Now when they drew near to Jerusalem and came to Bethphage, to the Mount of Olives, then Jesus sent two disciples, saying to them, “Go into the village in front of you, and immediately you will find a donkey tied, and a colt with her. Untie them and bring them to me. If anyone says anything to you, you shall say, ‘The Lord needs them,’ and he will send them at once.” This took place to fulfill what was spoken by the prophet, saying,
“Say to the daughter of Zion,
‘Behold, your king is coming to you,
humble, and mounted on a donkey,
on a colt, the foal of a beast of burden.’”
The disciples went and did as Jesus had directed them. They brought the donkey and the colt and put on them their cloaks, and he sat on them. Most of the crowd spread their cloaks on the road, and others cut branches from the trees and spread them on the road. And the crowds that went before him and that followed him were shouting, “Hosanna to the Son of David! Blessed is he who comes in the name of the Lord! Hosanna in the highest!” And when he entered Jerusalem, the whole city was stirred up, saying, “Who is this?” And the crowds said, “This is the prophet Jesus, from Nazareth of Galilee.”
Who is this? Have you ever tried to describe someone very precious to you, and all the words seem woefully inadequate to capture that person’s character and worth? That is how I’ve felt reflecting on Jesus’ person this week.

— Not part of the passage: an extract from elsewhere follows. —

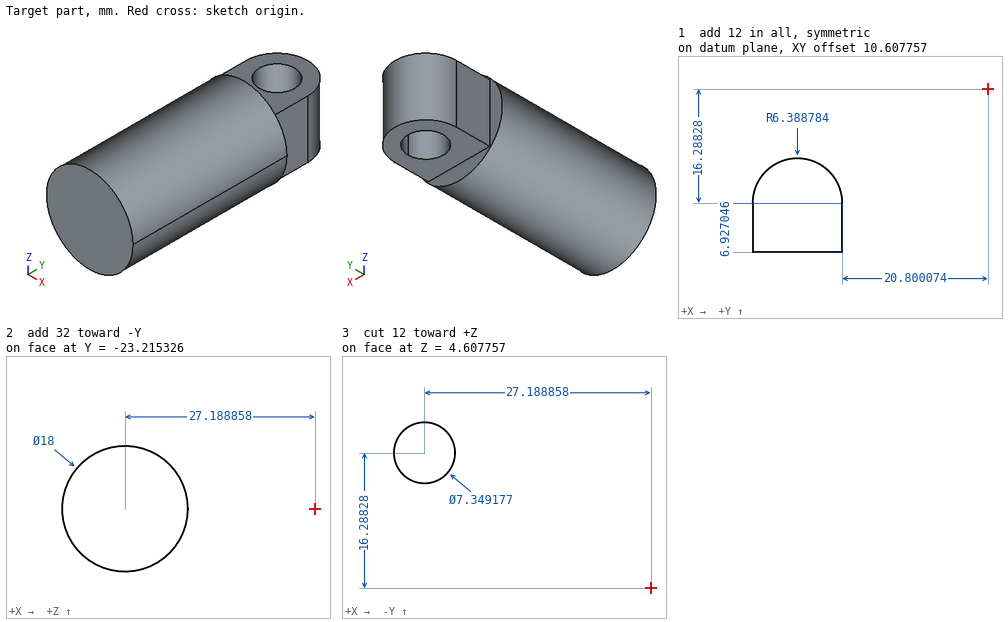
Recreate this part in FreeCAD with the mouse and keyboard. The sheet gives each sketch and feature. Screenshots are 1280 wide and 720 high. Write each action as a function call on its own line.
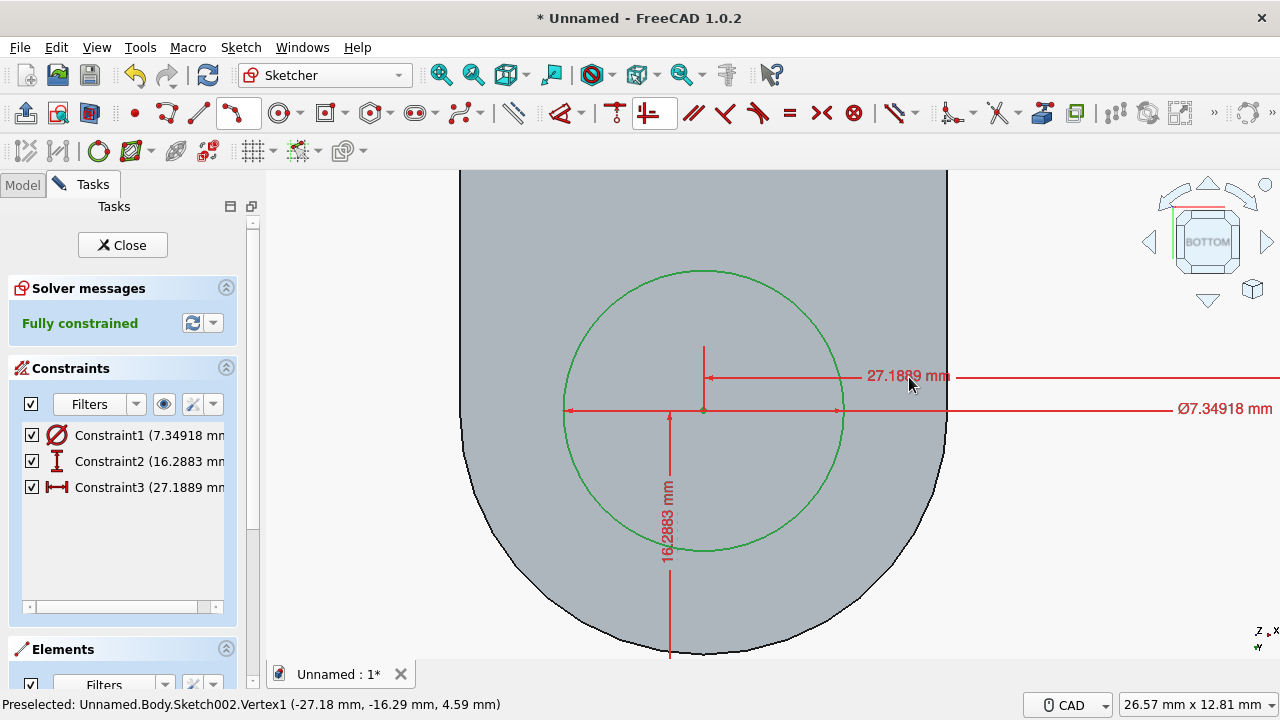
click(123, 245)
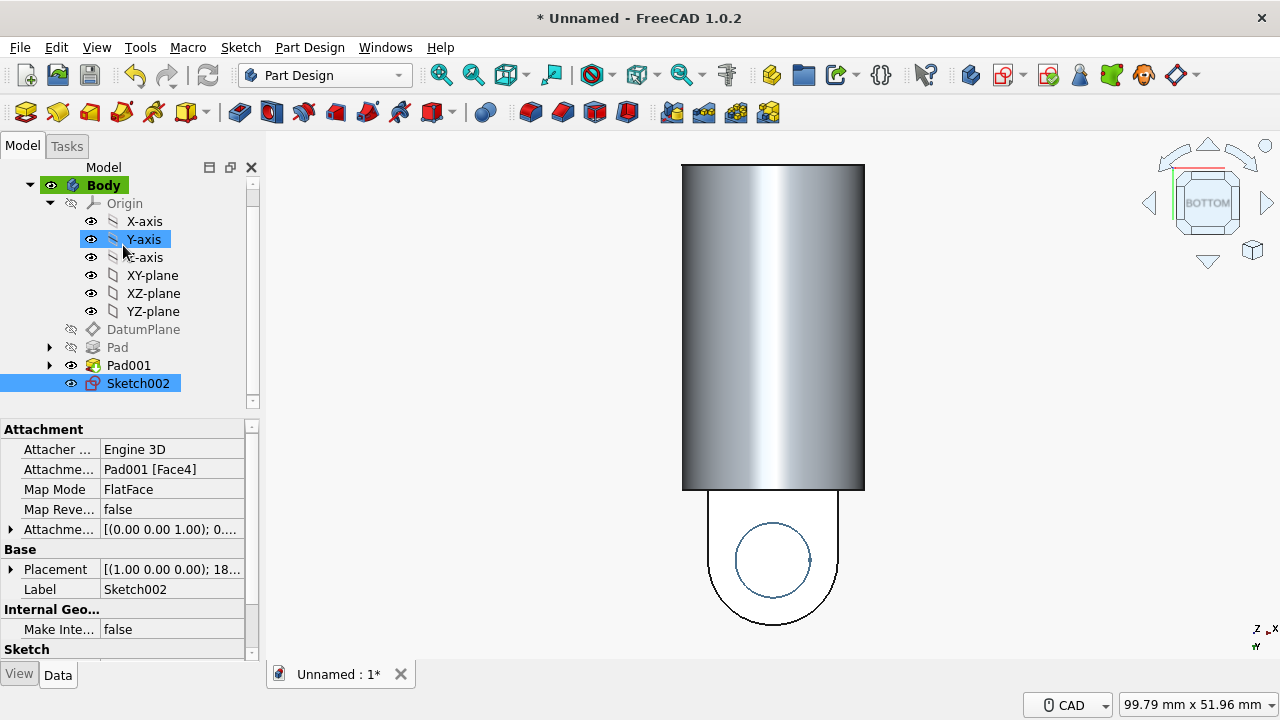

All words seem to groan under the weight of all that He is and has done.
Who is this? The crowds were anxiously asking this question as Jesus came into Jerusalem. Imagine the sights and sounds, how people pressed and fought to see this man called Jesus enter Jerusalem. It was the week of Passover, and likely stories of Jesus’ power to heal likely preceded Him from nearby Bethany where Jesus had just raised Lazarus from the dead. Pilgrim Jews were eager to receive this man who worked miracles in their midst. Could this be the one that would save them from Roman oppression?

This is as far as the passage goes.